* Your task *
Your task is to print, exactly and only, the lines from the start of the entries below through the line with "[0:12.2-0:17.2]". Include both ends, but skip the pictures.

-------- Supplied material

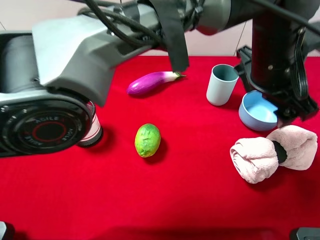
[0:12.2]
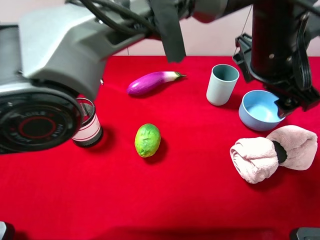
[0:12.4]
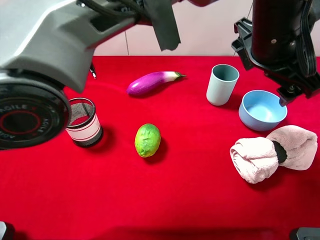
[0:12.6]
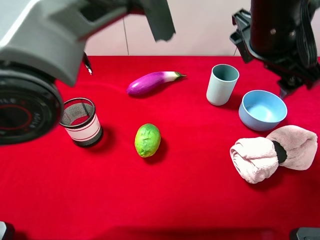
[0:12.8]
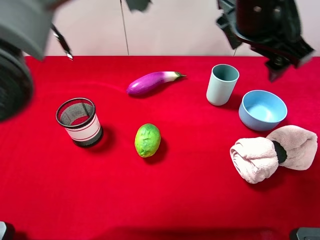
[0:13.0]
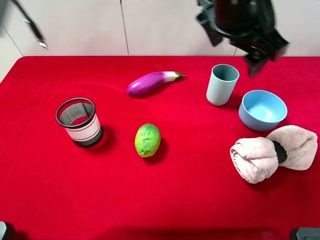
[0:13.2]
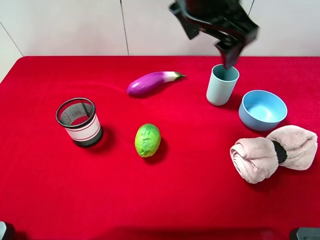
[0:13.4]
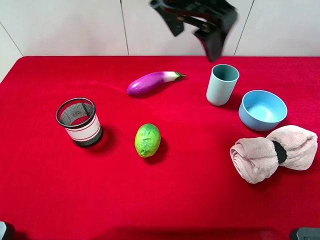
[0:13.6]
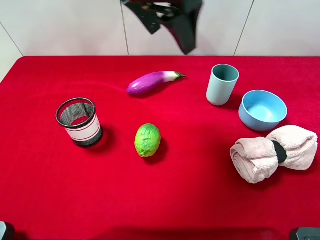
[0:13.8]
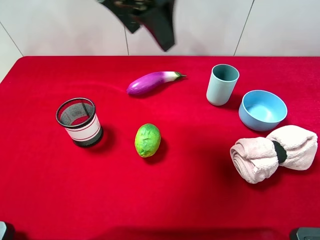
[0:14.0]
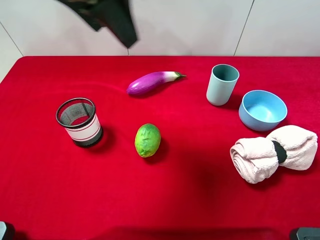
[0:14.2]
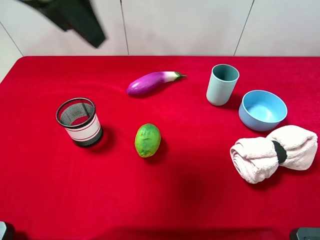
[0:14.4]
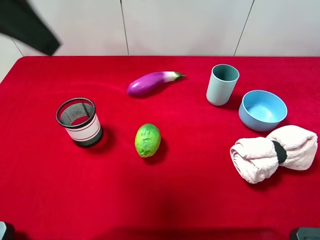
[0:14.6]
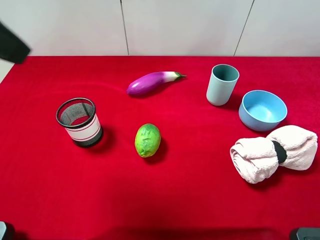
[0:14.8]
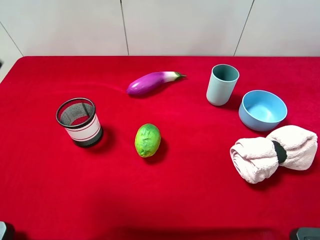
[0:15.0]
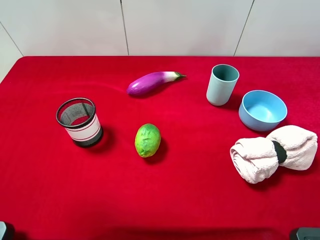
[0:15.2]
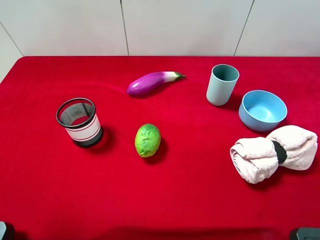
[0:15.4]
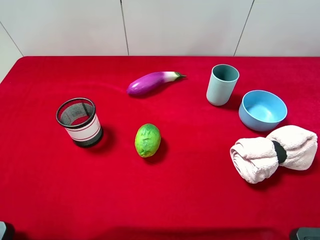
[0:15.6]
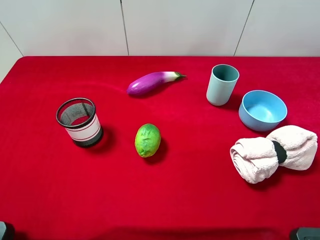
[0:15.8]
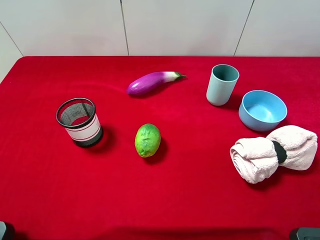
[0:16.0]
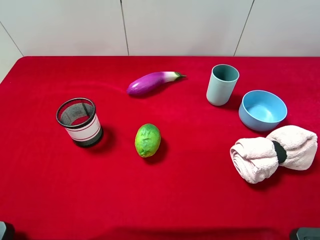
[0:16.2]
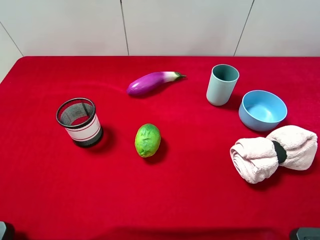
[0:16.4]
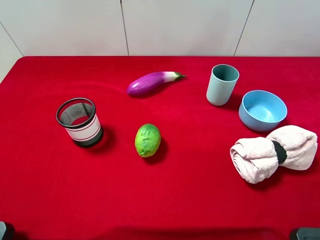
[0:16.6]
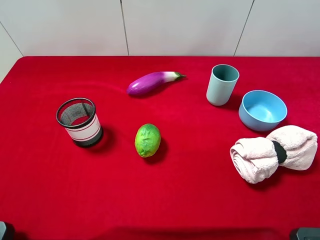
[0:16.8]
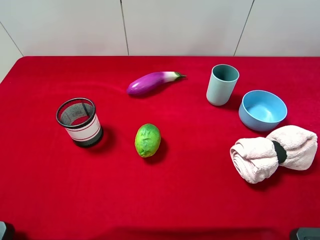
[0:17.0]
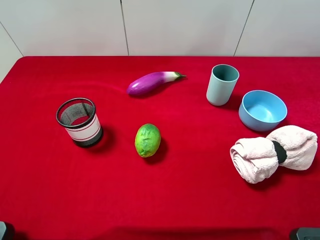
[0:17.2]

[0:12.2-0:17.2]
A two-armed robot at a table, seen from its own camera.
Task of the whole recording: the gripper move the object.
0:12.2 to 0:13.8: The left gripper shifts approximately 25 cm to the left and upward.
0:13.8 to 0:15.6: The left gripper moves to the left and backward, about 35 cm.

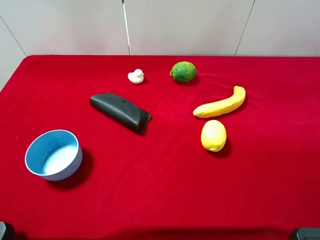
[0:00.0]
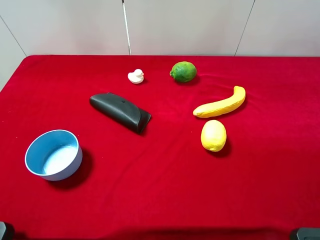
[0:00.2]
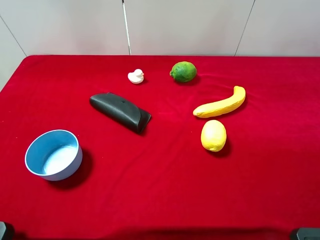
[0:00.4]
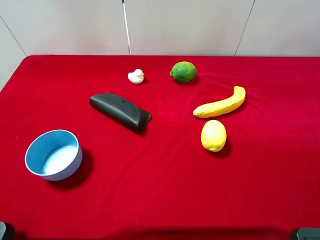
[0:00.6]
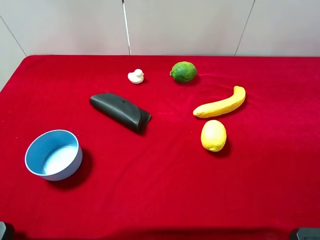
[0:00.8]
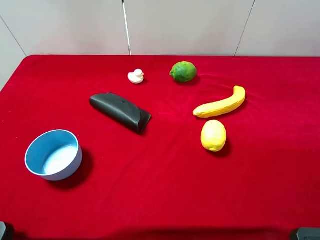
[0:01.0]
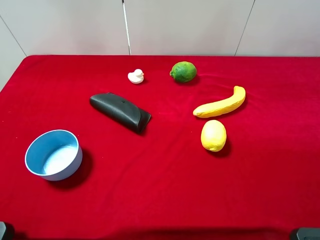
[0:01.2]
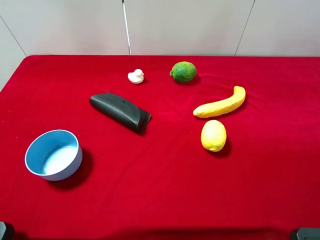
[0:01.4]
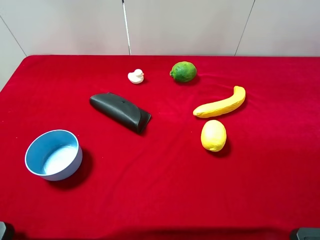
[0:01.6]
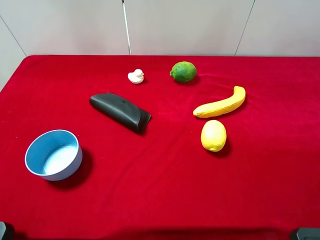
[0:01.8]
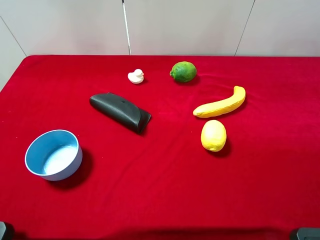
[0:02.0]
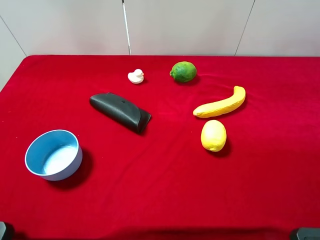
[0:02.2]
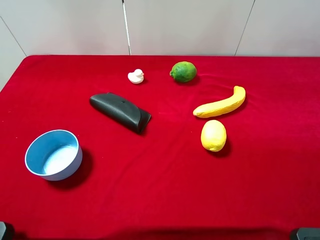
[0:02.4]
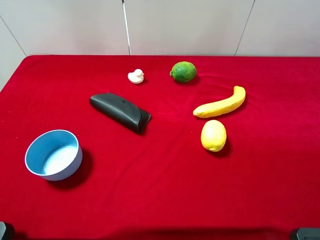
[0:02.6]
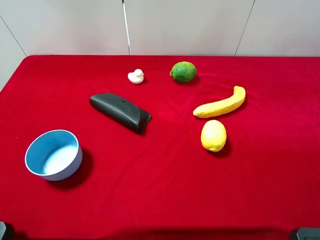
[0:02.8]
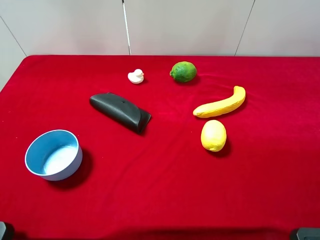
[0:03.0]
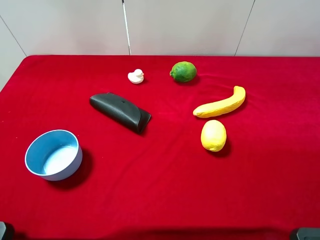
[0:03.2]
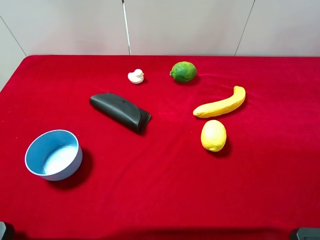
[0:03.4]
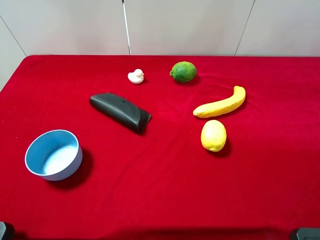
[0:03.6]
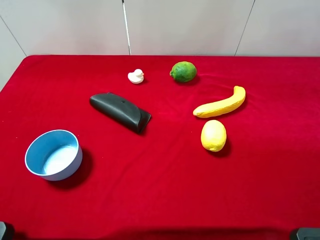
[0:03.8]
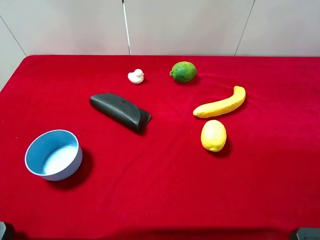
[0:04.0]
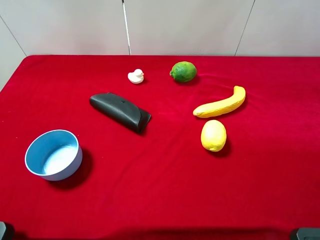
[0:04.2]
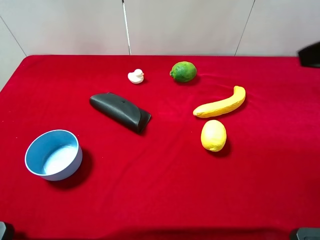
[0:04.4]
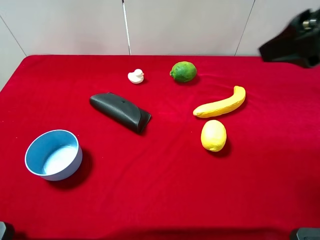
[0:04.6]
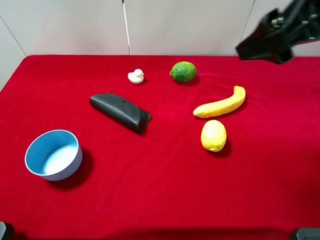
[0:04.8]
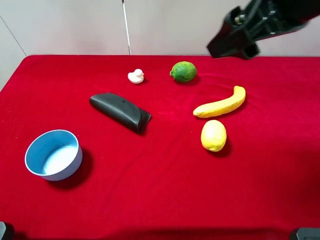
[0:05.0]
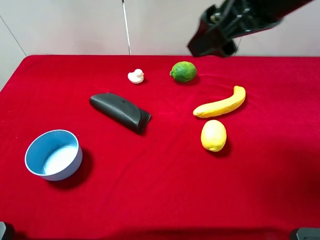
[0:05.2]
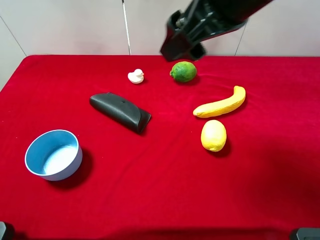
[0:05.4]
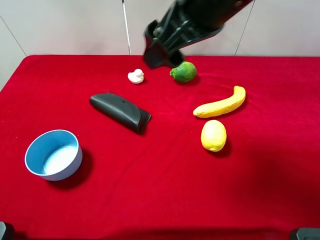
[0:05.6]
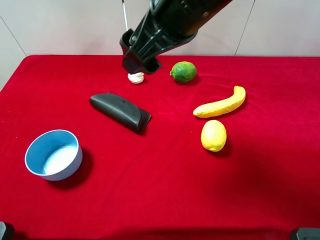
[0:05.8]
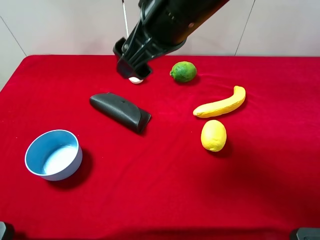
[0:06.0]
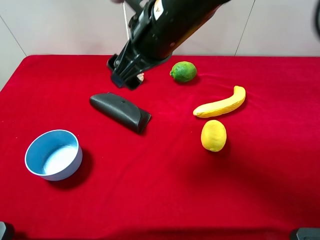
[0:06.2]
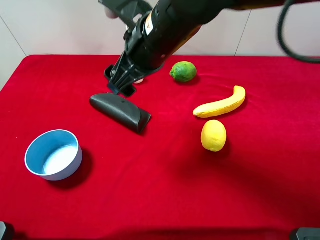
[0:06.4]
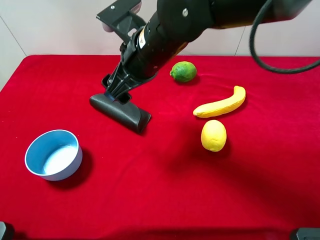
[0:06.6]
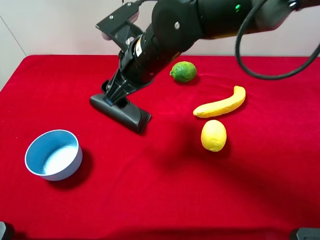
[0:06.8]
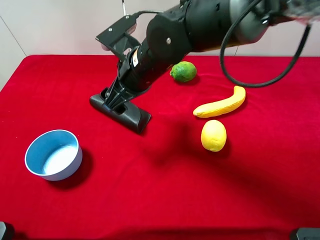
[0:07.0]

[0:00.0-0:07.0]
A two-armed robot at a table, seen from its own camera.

----------------

* Answer to the exercise *
[0:12.2]
[0:12.4]
[0:12.6]
[0:12.8]
[0:13.0]
[0:13.2]
[0:13.4]
[0:13.6]
[0:13.8]
[0:14.0]
[0:14.2]
[0:14.4]
[0:14.6]
[0:14.8]
[0:15.0]
[0:15.2]
[0:15.4]
[0:15.6]
[0:15.8]
[0:16.0]
[0:16.2]
[0:16.4]
[0:16.6]
[0:16.8]
[0:17.0]
[0:17.2]

[0:12.2-0:17.2]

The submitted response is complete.